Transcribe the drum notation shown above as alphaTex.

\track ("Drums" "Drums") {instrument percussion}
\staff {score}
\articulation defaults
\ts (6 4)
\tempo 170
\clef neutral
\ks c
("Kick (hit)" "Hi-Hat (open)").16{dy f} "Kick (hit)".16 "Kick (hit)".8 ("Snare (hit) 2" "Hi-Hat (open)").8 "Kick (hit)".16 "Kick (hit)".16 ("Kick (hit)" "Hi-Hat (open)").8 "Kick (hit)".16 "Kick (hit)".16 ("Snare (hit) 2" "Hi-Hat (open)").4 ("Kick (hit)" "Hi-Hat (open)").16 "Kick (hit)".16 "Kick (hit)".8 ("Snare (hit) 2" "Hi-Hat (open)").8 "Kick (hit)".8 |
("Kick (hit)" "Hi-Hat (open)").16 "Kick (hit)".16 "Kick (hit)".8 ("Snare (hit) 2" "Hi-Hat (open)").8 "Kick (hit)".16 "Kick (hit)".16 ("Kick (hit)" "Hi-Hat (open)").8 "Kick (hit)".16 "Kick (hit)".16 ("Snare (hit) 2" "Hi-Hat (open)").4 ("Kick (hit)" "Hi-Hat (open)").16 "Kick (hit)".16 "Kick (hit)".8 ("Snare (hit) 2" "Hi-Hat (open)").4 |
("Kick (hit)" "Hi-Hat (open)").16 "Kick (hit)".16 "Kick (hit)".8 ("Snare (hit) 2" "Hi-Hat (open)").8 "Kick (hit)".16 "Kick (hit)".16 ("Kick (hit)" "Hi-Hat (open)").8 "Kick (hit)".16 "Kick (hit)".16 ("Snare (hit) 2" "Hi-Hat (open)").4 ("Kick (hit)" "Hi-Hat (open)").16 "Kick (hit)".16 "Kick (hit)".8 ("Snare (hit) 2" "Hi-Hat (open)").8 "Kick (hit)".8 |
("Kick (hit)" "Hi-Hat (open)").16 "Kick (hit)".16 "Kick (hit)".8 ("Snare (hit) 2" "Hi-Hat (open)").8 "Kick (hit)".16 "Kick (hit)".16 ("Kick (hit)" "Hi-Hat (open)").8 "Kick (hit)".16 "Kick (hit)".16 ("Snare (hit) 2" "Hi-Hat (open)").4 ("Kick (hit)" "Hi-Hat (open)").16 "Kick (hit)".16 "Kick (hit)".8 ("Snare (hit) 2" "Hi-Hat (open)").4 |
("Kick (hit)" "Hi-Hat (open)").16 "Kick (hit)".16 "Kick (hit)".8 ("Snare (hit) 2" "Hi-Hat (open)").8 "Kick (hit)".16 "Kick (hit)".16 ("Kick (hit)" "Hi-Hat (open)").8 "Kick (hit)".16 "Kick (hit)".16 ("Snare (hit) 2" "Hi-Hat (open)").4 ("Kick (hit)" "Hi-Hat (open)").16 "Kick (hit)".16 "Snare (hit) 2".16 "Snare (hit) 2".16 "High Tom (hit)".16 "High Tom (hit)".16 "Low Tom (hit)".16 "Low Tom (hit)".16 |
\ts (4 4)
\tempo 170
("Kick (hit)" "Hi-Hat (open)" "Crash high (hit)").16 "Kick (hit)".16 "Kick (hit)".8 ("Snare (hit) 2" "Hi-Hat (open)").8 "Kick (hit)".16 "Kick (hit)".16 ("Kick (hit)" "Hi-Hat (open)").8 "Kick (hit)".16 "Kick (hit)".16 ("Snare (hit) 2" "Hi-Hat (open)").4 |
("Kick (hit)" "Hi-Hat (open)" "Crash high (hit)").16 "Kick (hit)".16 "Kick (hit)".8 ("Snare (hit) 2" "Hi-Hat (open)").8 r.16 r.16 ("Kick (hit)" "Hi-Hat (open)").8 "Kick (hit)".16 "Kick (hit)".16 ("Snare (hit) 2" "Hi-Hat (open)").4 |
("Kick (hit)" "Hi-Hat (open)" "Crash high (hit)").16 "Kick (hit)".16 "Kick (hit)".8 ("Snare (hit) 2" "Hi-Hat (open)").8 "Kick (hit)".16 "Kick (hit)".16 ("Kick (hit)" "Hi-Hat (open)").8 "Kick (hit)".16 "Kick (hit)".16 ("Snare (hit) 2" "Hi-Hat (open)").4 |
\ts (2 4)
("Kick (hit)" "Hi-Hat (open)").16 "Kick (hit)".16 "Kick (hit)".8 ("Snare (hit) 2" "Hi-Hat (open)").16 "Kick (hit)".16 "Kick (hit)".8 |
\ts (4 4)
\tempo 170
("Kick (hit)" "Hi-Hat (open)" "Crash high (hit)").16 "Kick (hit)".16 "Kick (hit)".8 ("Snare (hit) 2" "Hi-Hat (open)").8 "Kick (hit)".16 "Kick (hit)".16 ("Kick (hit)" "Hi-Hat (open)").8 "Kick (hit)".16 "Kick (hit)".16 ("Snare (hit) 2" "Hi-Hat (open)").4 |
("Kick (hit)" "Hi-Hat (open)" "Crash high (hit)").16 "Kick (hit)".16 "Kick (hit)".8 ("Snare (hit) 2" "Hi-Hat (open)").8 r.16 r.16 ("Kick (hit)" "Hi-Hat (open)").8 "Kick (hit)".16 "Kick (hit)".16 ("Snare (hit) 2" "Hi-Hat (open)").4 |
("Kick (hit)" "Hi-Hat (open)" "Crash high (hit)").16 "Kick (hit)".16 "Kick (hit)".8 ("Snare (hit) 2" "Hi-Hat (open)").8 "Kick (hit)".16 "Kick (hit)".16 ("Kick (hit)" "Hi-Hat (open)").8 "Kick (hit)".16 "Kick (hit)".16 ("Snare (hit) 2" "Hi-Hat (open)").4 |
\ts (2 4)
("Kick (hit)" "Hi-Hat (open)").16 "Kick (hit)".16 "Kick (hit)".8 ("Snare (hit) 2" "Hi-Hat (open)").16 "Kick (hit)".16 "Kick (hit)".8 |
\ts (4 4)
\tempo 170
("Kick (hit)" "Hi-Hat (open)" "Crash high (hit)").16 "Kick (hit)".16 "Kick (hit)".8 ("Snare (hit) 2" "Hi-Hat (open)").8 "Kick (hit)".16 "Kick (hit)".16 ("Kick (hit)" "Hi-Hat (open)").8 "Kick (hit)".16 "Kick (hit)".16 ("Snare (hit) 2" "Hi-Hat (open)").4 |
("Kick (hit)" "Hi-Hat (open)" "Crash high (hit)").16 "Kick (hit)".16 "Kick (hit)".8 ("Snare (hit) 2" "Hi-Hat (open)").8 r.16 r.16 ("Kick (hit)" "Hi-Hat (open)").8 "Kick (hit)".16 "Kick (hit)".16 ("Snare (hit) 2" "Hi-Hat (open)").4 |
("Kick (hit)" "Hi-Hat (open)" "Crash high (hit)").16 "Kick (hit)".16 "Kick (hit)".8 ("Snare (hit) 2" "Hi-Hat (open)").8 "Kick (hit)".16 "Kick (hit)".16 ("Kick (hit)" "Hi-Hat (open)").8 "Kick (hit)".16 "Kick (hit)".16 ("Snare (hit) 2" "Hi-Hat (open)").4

• • • •

Could you reproduce every record above exactly as it appears?

*Solution*
Transcribe the drum notation shown above as alphaTex.

\track ("Drums" "Drums") {instrument percussion}
\staff {score}
\articulation defaults
\ts (6 4)
\tempo 170
\clef neutral
\ks c
("Kick (hit)" "Hi-Hat (open)").16{dy f} "Kick (hit)".16 "Kick (hit)".8 ("Snare (hit) 2" "Hi-Hat (open)").8 "Kick (hit)".16 "Kick (hit)".16 ("Kick (hit)" "Hi-Hat (open)").8 "Kick (hit)".16 "Kick (hit)".16 ("Snare (hit) 2" "Hi-Hat (open)").4 ("Kick (hit)" "Hi-Hat (open)").16 "Kick (hit)".16 "Kick (hit)".8 ("Snare (hit) 2" "Hi-Hat (open)").8 "Kick (hit)".8 |
("Kick (hit)" "Hi-Hat (open)").16 "Kick (hit)".16 "Kick (hit)".8 ("Snare (hit) 2" "Hi-Hat (open)").8 "Kick (hit)".16 "Kick (hit)".16 ("Kick (hit)" "Hi-Hat (open)").8 "Kick (hit)".16 "Kick (hit)".16 ("Snare (hit) 2" "Hi-Hat (open)").4 ("Kick (hit)" "Hi-Hat (open)").16 "Kick (hit)".16 "Kick (hit)".8 ("Snare (hit) 2" "Hi-Hat (open)").4 |
("Kick (hit)" "Hi-Hat (open)").16 "Kick (hit)".16 "Kick (hit)".8 ("Snare (hit) 2" "Hi-Hat (open)").8 "Kick (hit)".16 "Kick (hit)".16 ("Kick (hit)" "Hi-Hat (open)").8 "Kick (hit)".16 "Kick (hit)".16 ("Snare (hit) 2" "Hi-Hat (open)").4 ("Kick (hit)" "Hi-Hat (open)").16 "Kick (hit)".16 "Kick (hit)".8 ("Snare (hit) 2" "Hi-Hat (open)").8 "Kick (hit)".8 |
("Kick (hit)" "Hi-Hat (open)").16 "Kick (hit)".16 "Kick (hit)".8 ("Snare (hit) 2" "Hi-Hat (open)").8 "Kick (hit)".16 "Kick (hit)".16 ("Kick (hit)" "Hi-Hat (open)").8 "Kick (hit)".16 "Kick (hit)".16 ("Snare (hit) 2" "Hi-Hat (open)").4 ("Kick (hit)" "Hi-Hat (open)").16 "Kick (hit)".16 "Kick (hit)".8 ("Snare (hit) 2" "Hi-Hat (open)").4 |
("Kick (hit)" "Hi-Hat (open)").16 "Kick (hit)".16 "Kick (hit)".8 ("Snare (hit) 2" "Hi-Hat (open)").8 "Kick (hit)".16 "Kick (hit)".16 ("Kick (hit)" "Hi-Hat (open)").8 "Kick (hit)".16 "Kick (hit)".16 ("Snare (hit) 2" "Hi-Hat (open)").4 ("Kick (hit)" "Hi-Hat (open)").16 "Kick (hit)".16 "Snare (hit) 2".16 "Snare (hit) 2".16 "High Tom (hit)".16 "High Tom (hit)".16 "Low Tom (hit)".16 "Low Tom (hit)".16 |
\ts (4 4)
\tempo 170
("Kick (hit)" "Hi-Hat (open)" "Crash high (hit)").16 "Kick (hit)".16 "Kick (hit)".8 ("Snare (hit) 2" "Hi-Hat (open)").8 "Kick (hit)".16 "Kick (hit)".16 ("Kick (hit)" "Hi-Hat (open)").8 "Kick (hit)".16 "Kick (hit)".16 ("Snare (hit) 2" "Hi-Hat (open)").4 |
("Kick (hit)" "Hi-Hat (open)" "Crash high (hit)").16 "Kick (hit)".16 "Kick (hit)".8 ("Snare (hit) 2" "Hi-Hat (open)").8 r.16 r.16 ("Kick (hit)" "Hi-Hat (open)").8 "Kick (hit)".16 "Kick (hit)".16 ("Snare (hit) 2" "Hi-Hat (open)").4 |
("Kick (hit)" "Hi-Hat (open)" "Crash high (hit)").16 "Kick (hit)".16 "Kick (hit)".8 ("Snare (hit) 2" "Hi-Hat (open)").8 "Kick (hit)".16 "Kick (hit)".16 ("Kick (hit)" "Hi-Hat (open)").8 "Kick (hit)".16 "Kick (hit)".16 ("Snare (hit) 2" "Hi-Hat (open)").4 |
\ts (2 4)
("Kick (hit)" "Hi-Hat (open)").16 "Kick (hit)".16 "Kick (hit)".8 ("Snare (hit) 2" "Hi-Hat (open)").16 "Kick (hit)".16 "Kick (hit)".8 |
\ts (4 4)
\tempo 170
("Kick (hit)" "Hi-Hat (open)" "Crash high (hit)").16 "Kick (hit)".16 "Kick (hit)".8 ("Snare (hit) 2" "Hi-Hat (open)").8 "Kick (hit)".16 "Kick (hit)".16 ("Kick (hit)" "Hi-Hat (open)").8 "Kick (hit)".16 "Kick (hit)".16 ("Snare (hit) 2" "Hi-Hat (open)").4 |
("Kick (hit)" "Hi-Hat (open)" "Crash high (hit)").16 "Kick (hit)".16 "Kick (hit)".8 ("Snare (hit) 2" "Hi-Hat (open)").8 r.16 r.16 ("Kick (hit)" "Hi-Hat (open)").8 "Kick (hit)".16 "Kick (hit)".16 ("Snare (hit) 2" "Hi-Hat (open)").4 |
("Kick (hit)" "Hi-Hat (open)" "Crash high (hit)").16 "Kick (hit)".16 "Kick (hit)".8 ("Snare (hit) 2" "Hi-Hat (open)").8 "Kick (hit)".16 "Kick (hit)".16 ("Kick (hit)" "Hi-Hat (open)").8 "Kick (hit)".16 "Kick (hit)".16 ("Snare (hit) 2" "Hi-Hat (open)").4 |
\ts (2 4)
("Kick (hit)" "Hi-Hat (open)").16 "Kick (hit)".16 "Kick (hit)".8 ("Snare (hit) 2" "Hi-Hat (open)").16 "Kick (hit)".16 "Kick (hit)".8 |
\ts (4 4)
\tempo 170
("Kick (hit)" "Hi-Hat (open)" "Crash high (hit)").16 "Kick (hit)".16 "Kick (hit)".8 ("Snare (hit) 2" "Hi-Hat (open)").8 "Kick (hit)".16 "Kick (hit)".16 ("Kick (hit)" "Hi-Hat (open)").8 "Kick (hit)".16 "Kick (hit)".16 ("Snare (hit) 2" "Hi-Hat (open)").4 |
("Kick (hit)" "Hi-Hat (open)" "Crash high (hit)").16 "Kick (hit)".16 "Kick (hit)".8 ("Snare (hit) 2" "Hi-Hat (open)").8 r.16 r.16 ("Kick (hit)" "Hi-Hat (open)").8 "Kick (hit)".16 "Kick (hit)".16 ("Snare (hit) 2" "Hi-Hat (open)").4 |
("Kick (hit)" "Hi-Hat (open)" "Crash high (hit)").16 "Kick (hit)".16 "Kick (hit)".8 ("Snare (hit) 2" "Hi-Hat (open)").8 "Kick (hit)".16 "Kick (hit)".16 ("Kick (hit)" "Hi-Hat (open)").8 "Kick (hit)".16 "Kick (hit)".16 ("Snare (hit) 2" "Hi-Hat (open)").4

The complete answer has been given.